Data shown
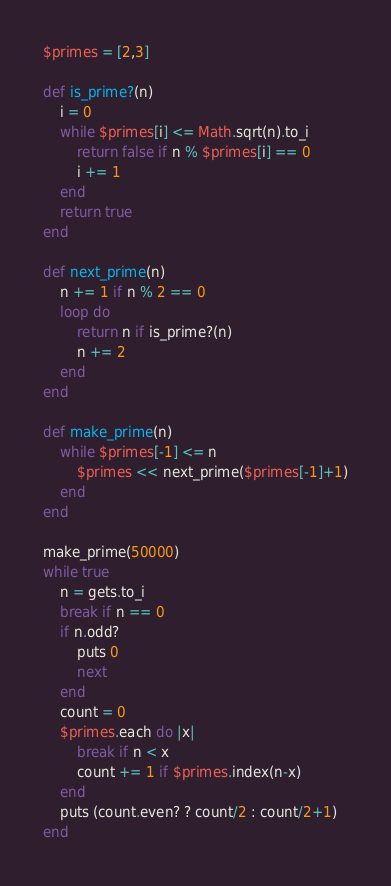<code> <loc_0><loc_0><loc_500><loc_500><_Ruby_>$primes = [2,3]

def is_prime?(n)
	i = 0
	while $primes[i] <= Math.sqrt(n).to_i
		return false if n % $primes[i] == 0
		i += 1
	end
	return true
end

def next_prime(n)
	n += 1 if n % 2 == 0
	loop do
		return n if is_prime?(n)
		n += 2
	end
end

def make_prime(n)
	while $primes[-1] <= n
		$primes << next_prime($primes[-1]+1)
	end
end

make_prime(50000)
while true
	n = gets.to_i
	break if n == 0
	if n.odd?
		puts 0
		next
	end
	count = 0
	$primes.each do |x| 
		break if n < x
		count += 1 if $primes.index(n-x)
	end
	puts (count.even? ? count/2 : count/2+1)
end</code> 
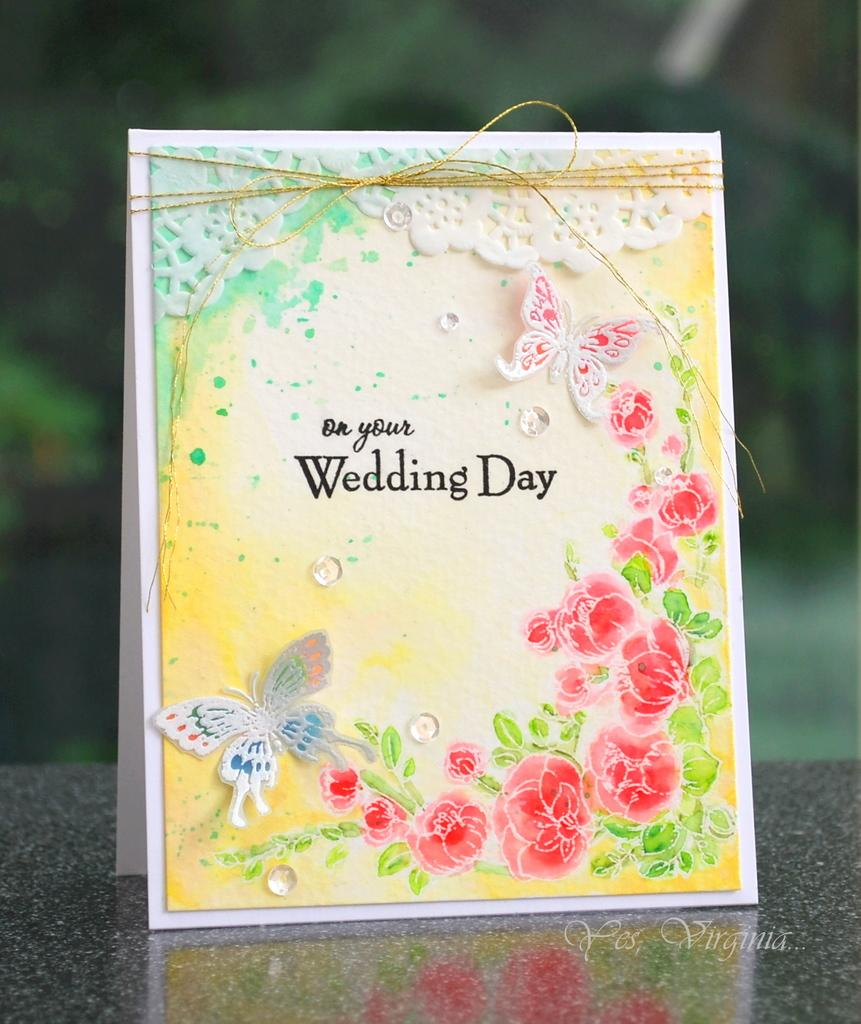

Exercise goal
Please transcribe exactly the line containing "break if n < x" and every later line through the end of the records above, omitting pictures.

Answer space
		break if n < x
		count += 1 if $primes.index(n-x)
	end
	puts (count.even? ? count/2 : count/2+1)
end</code> 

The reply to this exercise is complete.